Item 4.        Terms of the Transaction.
(a)Material Terms: The information set forth under the following headings in the Offer to Purchase is incorporated herein by reference.
“Summary Term Sheet”
“The Offer and Consent Solicitation, Section 1. General Terms”
“The Offer and Consent Solicitation, Section 2. Procedure for Tendering Warrants”
“The Offer and Consent Solicitation, Section 3. Withdrawal Rights”
“The Offer and Consent Solicitation, Section 4. Acceptance of Warrants and Payment of Offer Purchase Price”
“The Offer and Consent Solicitation, Section 5. Background and Purpose of the Offer”
“The Offer and Consent Solicitation, Section 6. Price Range of Public Warrants”
“The Offer and Consent Solicitation, Section 7. Source and Amount of Funds”
“The Offer and Consent Solicitation, Section 8. Transactions and Agreements Concerning the Company’s Securities”
“The Offer and Consent Solicitation, Section 9. Security Ownership of Certain Management”
“The Offer and Consent Solicitation, Section 10. Conditions; Termination; Waivers; Extensions; Amendments”
“The Offer and Consent Solicitation, Section 11. Material U.S. Federal Income Tax Consequences”
“The Offer and Consent Solicitation, Section 12. Forward-Looking Statements; Risk Factors”

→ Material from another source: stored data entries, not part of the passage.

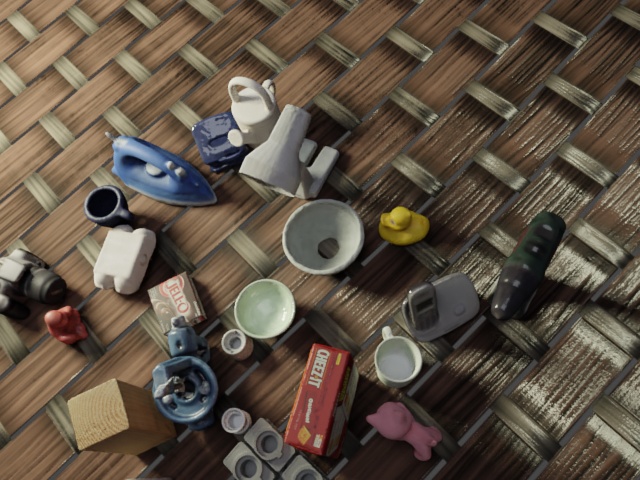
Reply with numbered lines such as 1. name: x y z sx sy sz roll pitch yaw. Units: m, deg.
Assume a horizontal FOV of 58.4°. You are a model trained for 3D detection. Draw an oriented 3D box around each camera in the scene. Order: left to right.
1. camera: -0.628 0.101 1.223 0.136 0.101 0.143 19 72 16

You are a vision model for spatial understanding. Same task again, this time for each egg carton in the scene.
1. egg carton: -0.416 0.041 1.231 0.107 0.069 0.150 9 70 12

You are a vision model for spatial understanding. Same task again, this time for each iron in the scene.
1. iron: -0.352 -0.161 1.265 0.257 0.141 0.119 23 73 17

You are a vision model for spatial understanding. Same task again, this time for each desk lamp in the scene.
1. desk lamp: -0.061 -0.167 1.183 0.117 0.214 0.203 23 73 17

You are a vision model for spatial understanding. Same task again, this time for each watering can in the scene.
1. watering can: -0.142 -0.280 1.252 0.100 0.194 0.173 -2 68 8

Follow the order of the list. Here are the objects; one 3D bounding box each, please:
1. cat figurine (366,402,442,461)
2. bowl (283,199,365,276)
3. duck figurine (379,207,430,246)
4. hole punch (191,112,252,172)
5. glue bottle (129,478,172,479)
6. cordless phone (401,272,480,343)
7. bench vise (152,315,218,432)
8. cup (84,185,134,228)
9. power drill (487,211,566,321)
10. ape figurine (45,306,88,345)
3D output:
1. cat figurine: 0.148 0.328 1.000 0.127 0.118 0.067 27 74 18
2. bowl: 0.011 0.004 1.177 0.167 0.075 0.167 -3 68 8
3. duck figurine: 0.170 -0.037 1.163 0.104 0.086 0.077 0 68 9
4. hole punch: -0.223 -0.222 1.297 0.108 0.091 0.101 -22 66 0
5. glue bottle: -0.322 0.436 0.998 0.078 0.173 0.037 -8 67 6
6. cordless phone: 0.219 0.107 1.042 0.147 0.185 0.094 -30 66 -4
7. bench vise: -0.267 0.239 1.045 0.121 0.220 0.207 -31 67 -4
8. cup: -0.446 -0.058 1.262 0.117 0.095 0.092 22 73 17
9. power drill: 0.359 0.068 1.024 0.075 0.209 0.230 27 74 18
10. ape figurine: -0.532 0.172 1.183 0.076 0.092 0.078 4 69 11
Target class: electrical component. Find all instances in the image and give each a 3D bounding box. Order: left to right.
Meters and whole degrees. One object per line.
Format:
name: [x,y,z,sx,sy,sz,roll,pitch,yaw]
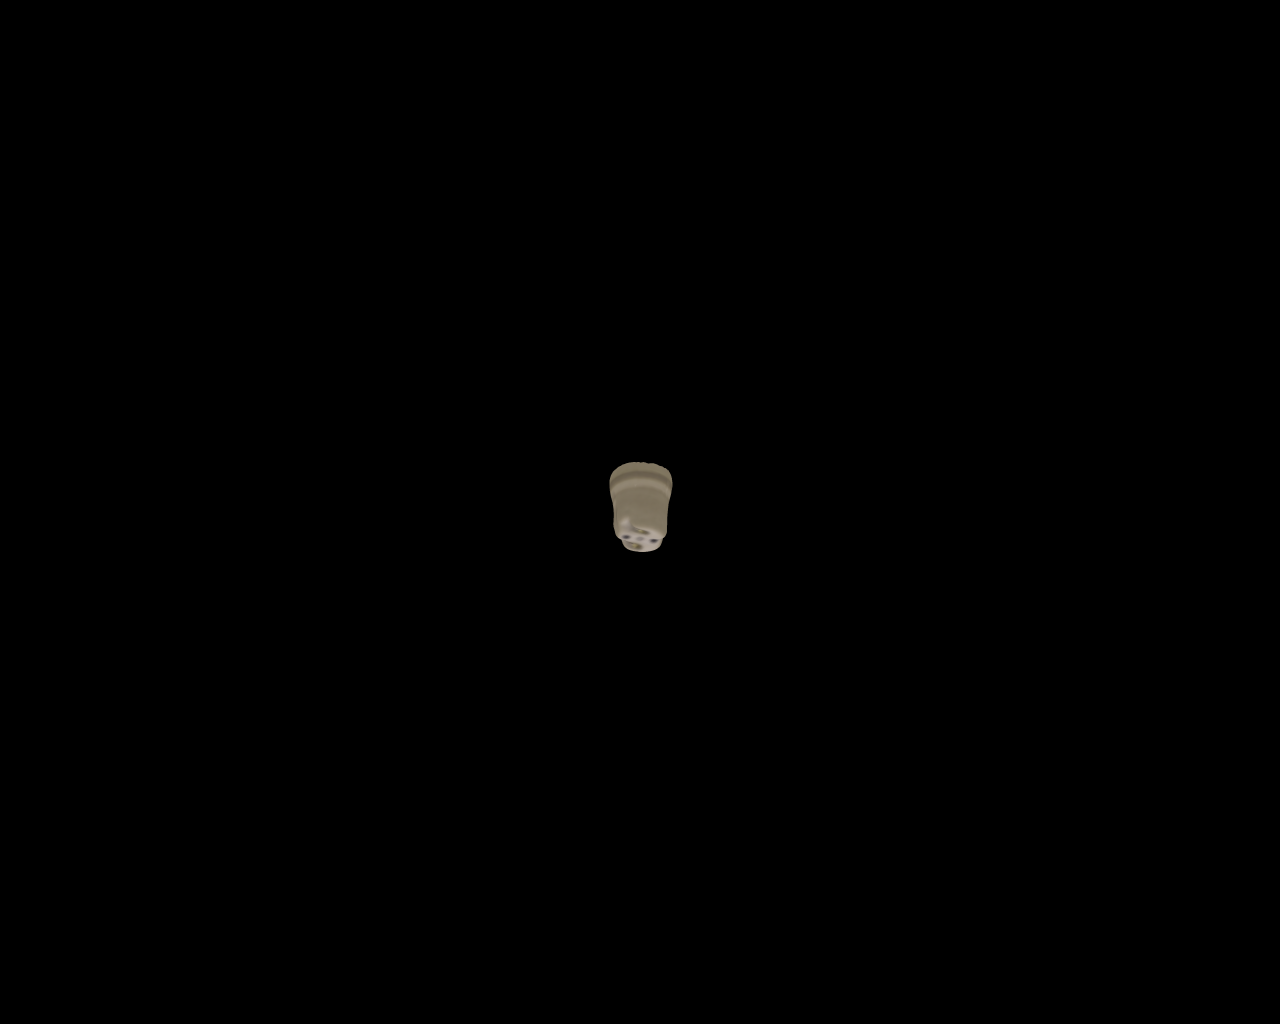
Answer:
electrical component: [0.001,-0.003,0.650,0.040,0.046,0.040,0,-30,0]
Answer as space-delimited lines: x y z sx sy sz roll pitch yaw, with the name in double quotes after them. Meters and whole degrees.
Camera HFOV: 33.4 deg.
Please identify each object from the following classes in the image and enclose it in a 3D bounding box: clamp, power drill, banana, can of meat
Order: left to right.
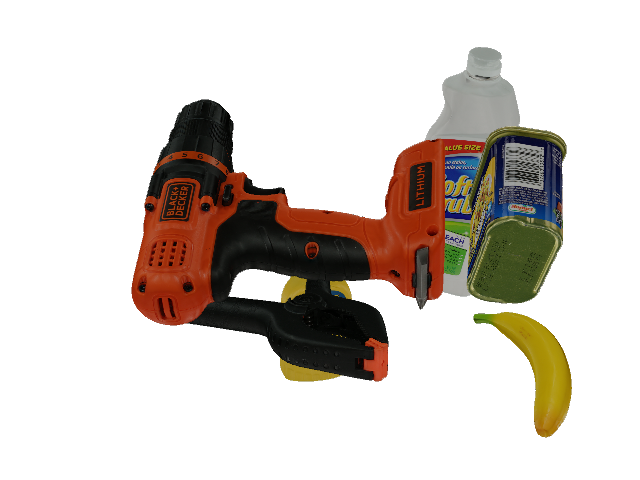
-0.016 -0.024 0.666 0.188 0.184 0.057 -1 -43 6 "power drill"
-0.008 0.060 0.877 0.164 0.036 0.210 -19 27 -38 "clamp"
0.137 -0.015 0.756 0.057 0.084 0.102 9 -37 1 "can of meat"
0.228 0.133 1.136 0.069 0.037 0.198 -26 34 2 "banana"

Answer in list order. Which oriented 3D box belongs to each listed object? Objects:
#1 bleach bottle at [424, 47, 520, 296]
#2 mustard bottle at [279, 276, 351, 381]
0.132 -0.069 1.030 0.103 0.251 0.068 22 39 22 "bleach bottle"
-0.006 0.095 1.450 0.096 0.192 0.058 -4 22 -13 "mustard bottle"

“The Offer and Consent Solicitation, Section 13. The Depositary, Information Agent and Dealer Manager”
“The Offer and Consent Solicitation, Section 14. Additional Information; Miscellaneous”
(b)Purchases: The information set forth under “The Offer and Consent Solicitation, Section 5.D. Background and Purpose of the Offer—Interests of Directors and Executive Officers” in the Offer to Purchase is incorporated herein by reference.

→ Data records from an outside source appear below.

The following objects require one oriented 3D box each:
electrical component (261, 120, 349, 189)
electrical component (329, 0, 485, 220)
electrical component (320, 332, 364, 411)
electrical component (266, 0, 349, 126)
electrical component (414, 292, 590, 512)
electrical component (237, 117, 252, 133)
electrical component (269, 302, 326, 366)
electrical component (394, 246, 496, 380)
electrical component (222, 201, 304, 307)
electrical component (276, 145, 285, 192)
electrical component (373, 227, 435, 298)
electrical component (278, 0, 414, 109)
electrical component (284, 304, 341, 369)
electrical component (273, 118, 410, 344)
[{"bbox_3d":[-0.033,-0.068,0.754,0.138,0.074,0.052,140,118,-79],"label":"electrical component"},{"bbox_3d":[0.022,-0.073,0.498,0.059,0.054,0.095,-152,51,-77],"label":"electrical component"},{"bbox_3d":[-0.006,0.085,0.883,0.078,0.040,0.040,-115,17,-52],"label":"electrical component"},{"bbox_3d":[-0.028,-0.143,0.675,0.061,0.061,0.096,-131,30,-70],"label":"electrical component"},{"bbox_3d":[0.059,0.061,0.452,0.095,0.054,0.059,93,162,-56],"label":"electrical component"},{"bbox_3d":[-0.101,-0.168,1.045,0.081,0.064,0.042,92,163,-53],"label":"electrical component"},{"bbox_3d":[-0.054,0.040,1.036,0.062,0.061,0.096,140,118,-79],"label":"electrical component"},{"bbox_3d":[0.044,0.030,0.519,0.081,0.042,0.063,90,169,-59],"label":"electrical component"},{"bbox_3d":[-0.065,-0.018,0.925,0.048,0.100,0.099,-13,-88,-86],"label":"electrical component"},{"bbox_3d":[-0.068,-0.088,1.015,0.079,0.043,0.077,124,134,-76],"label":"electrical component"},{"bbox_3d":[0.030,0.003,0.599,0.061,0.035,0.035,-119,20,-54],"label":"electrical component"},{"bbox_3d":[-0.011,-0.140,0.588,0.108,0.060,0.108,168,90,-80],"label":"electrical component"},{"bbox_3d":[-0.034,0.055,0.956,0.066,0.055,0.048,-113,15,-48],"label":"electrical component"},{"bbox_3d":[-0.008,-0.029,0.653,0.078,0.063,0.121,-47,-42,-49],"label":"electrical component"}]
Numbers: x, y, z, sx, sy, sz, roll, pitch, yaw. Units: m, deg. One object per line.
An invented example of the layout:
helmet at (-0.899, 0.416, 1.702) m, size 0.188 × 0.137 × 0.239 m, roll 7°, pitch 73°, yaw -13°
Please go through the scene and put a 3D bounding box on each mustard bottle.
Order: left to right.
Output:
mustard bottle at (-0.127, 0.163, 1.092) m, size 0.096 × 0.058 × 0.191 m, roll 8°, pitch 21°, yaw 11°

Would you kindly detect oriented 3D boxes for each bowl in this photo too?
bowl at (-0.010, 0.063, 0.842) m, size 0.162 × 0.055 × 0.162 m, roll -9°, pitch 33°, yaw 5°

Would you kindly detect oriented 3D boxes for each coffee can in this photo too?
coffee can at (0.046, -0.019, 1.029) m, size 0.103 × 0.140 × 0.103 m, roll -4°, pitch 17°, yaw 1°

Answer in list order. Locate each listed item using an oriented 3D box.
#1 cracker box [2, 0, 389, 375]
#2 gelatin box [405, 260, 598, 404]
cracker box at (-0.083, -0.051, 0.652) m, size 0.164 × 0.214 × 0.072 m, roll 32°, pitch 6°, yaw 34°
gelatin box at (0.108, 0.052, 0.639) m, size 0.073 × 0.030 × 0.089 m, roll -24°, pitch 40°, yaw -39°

Item 5.        Past Contracts, Transactions, Negotiations and Arrangements.
(a)Agreements Involving the Subject Company’s Securities: The information set forth under “The Offer and Consent Solicitation, Section 8. Transactions and Arrangements Concerning the Shares” in the Offer to Purchase is incorporated herein by reference.
Item 6.        Purposes of the Transaction and Plans or Proposals.
(a)Purposes: The information set forth under “The Offer and Consent Solicitation, Section 5.C. Background and Purpose of Our Offer—Purpose of the Offer” in the Offer to Purchase is incorporated herein by reference.
(b)Use of the Securities Acquired: The Warrants tendered will be retired and cancelled by the Company.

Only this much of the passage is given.